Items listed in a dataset
- - - -

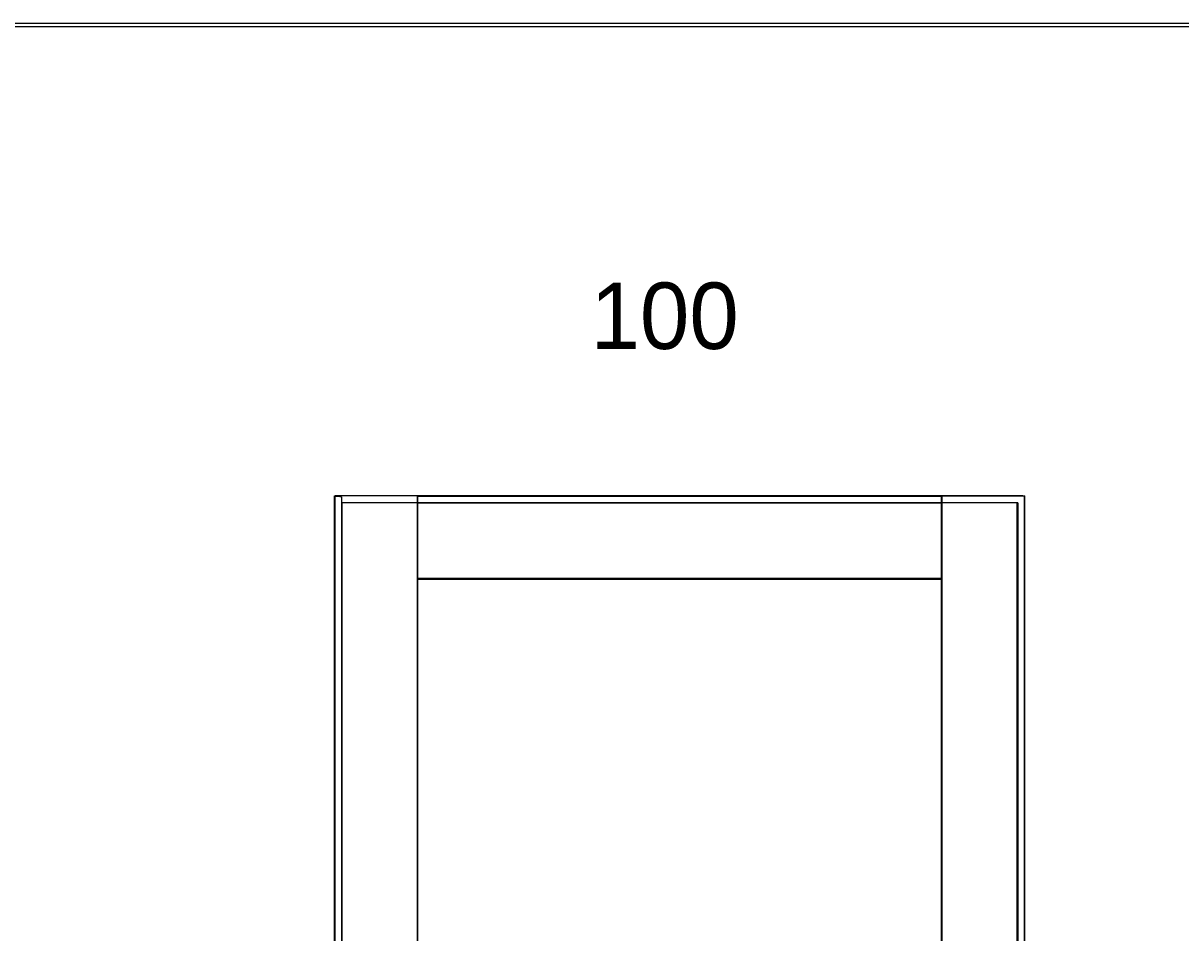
# Model space of a CAD drawing. Header units: millimetres. Extents: x 0 to 17620, y 0 to 4200.
# Tile 11 of 20: x 6534 to 8276, y 2831 to 4200. Entities that reach past the tile are written whole.
import ezdxf
from ezdxf.lldxf.tags import DXFTag

# ---------------------------------------------------------------- set-up
doc = ezdxf.new("R2010")
doc.units = ezdxf.units.MM
for name, color, linetype in [('1', 250, 'Continuous'), ('151', 250, 'Continuous'), ('256', 250, 'Continuous')]:
    doc.layers.add(name, color=color, linetype=linetype)
doc.styles.add('Montserrat', font='Montserrat-Regular.ttf')
tags = doc.linetypes.add('DASHED', pattern=[25.72, 12.86, -12.86]).pattern_tags.tags
tags[6:7] = [DXFTag(74, 4), DXFTag(75, 0), DXFTag(340, '0'), DXFTag(46, 0.0), DXFTag(50, 0.0), DXFTag(44, 0.0), DXFTag(45, 0.0)]
tags[4:5] = [DXFTag(74, 4), DXFTag(75, 0), DXFTag(340, '0'), DXFTag(46, 0.0), DXFTag(50, 0.0), DXFTag(44, 0.0), DXFTag(45, 0.0)]

msp = doc.modelspace()

# ---------------------------------------------------------------- linework, layer by layer
at = {"layer": '151', "linetype": 'DASHED'}
for p, q in [((7002.4, 3488.7), (7003.7, 3487.4)), ((7003.7, 1461.7), (7003.7, 3487.4)), ((8038.4, 3488.7), (7005.4, 3488.7)), ((7012.9, 3487.2), (7012.9, 3478.2)), ((8039.9, 3487.2), (8041.4, 3488.7)), ((8041.4, 1464.7), (8041.4, 3485.7)), ((8030.9, 3478.2), (7012.9, 3478.2)), ((7012.9, 3478.2), (7012.9, 1461.7)), ((7013.8, 3478.2), (7013.8, 1461.7)), ((7915.9, 3477.4), (7127.9, 3477.4)), ((8030.1, 1461.7), (8030.1, 3478.2)), ((8030.9, 3478.2), (8030.9, 1461.7))]:
    msp.add_line(p, q, dxfattribs=at)
at = {"layer": '151', "linetype": 'Continuous'}
for p, q in [((7002.4, 1461.7), (7002.4, 3488.7)), ((7002.4, 3488.7), (7003.3, 3488.7)), ((7127.1, 3488.7), (7003.3, 3488.7)), ((7003.3, 1461.7), (7003.3, 3488.7)), ((7127.1, 3488.7), (7127.9, 3488.7)), ((7127.1, 3488.7), (7127.1, 2576.7)), ((7127.9, 3488.7), (7915.9, 3488.7)), ((7127.9, 2576.7), (7127.9, 3488.7)), ((7127.9, 3487.9), (7915.9, 3487.9)), ((7915.9, 3488.7), (7916.8, 3488.7)), ((7915.9, 1461.7), (7915.9, 3488.7)), ((7916.8, 1461.7), (7916.8, 3488.7)), ((7916.8, 3488.7), (8040.6, 3488.7)), ((8040.6, 3488.7), (8041.4, 3488.7)), ((8040.6, 3488.7), (8040.6, 1461.7)), ((8041.4, 1461.7), (8041.4, 3488.7)), ((7915.9, 3364.1), (7127.9, 3364.1)), ((7127.9, 3363.2), (7915.9, 3363.2))]:
    msp.add_line(p, q, dxfattribs=at)
at = {"layer": '151', "linetype": 'DASHED'}
msp.add_ellipse((5833.7, 3487.2), major_axis=(1179.2, 0), ratio=0.001272, start_param=0, end_param=0.124906, dxfattribs=at)
at = {"layer": '256', "linetype": 'Continuous'}
for p, q in [((0, 4200), (11880, 4200)), ((5, 4195), (11875, 4195))]:
    msp.add_line(p, q, dxfattribs=at)

# ---------------------------------------------------------------- texts
at = {"layer": '1', "linetype": 'Continuous', "insert": (7387.8, 3708.2), "char_height": 2, "attachment_point": 7, "line_spacing_factor": 1.076592, "style": 'Montserrat'}
msp.add_mtext('\\fMontserrat|b0|i0;\\W1.0000;\\H100.00;100\\H2.00;', dxfattribs=at)

doc.saveas('drawing.dxf')

- - - -

What the task asks> Would you count the lines in the data that contain "tags" and answer with only the number?

Answer to the problem> 4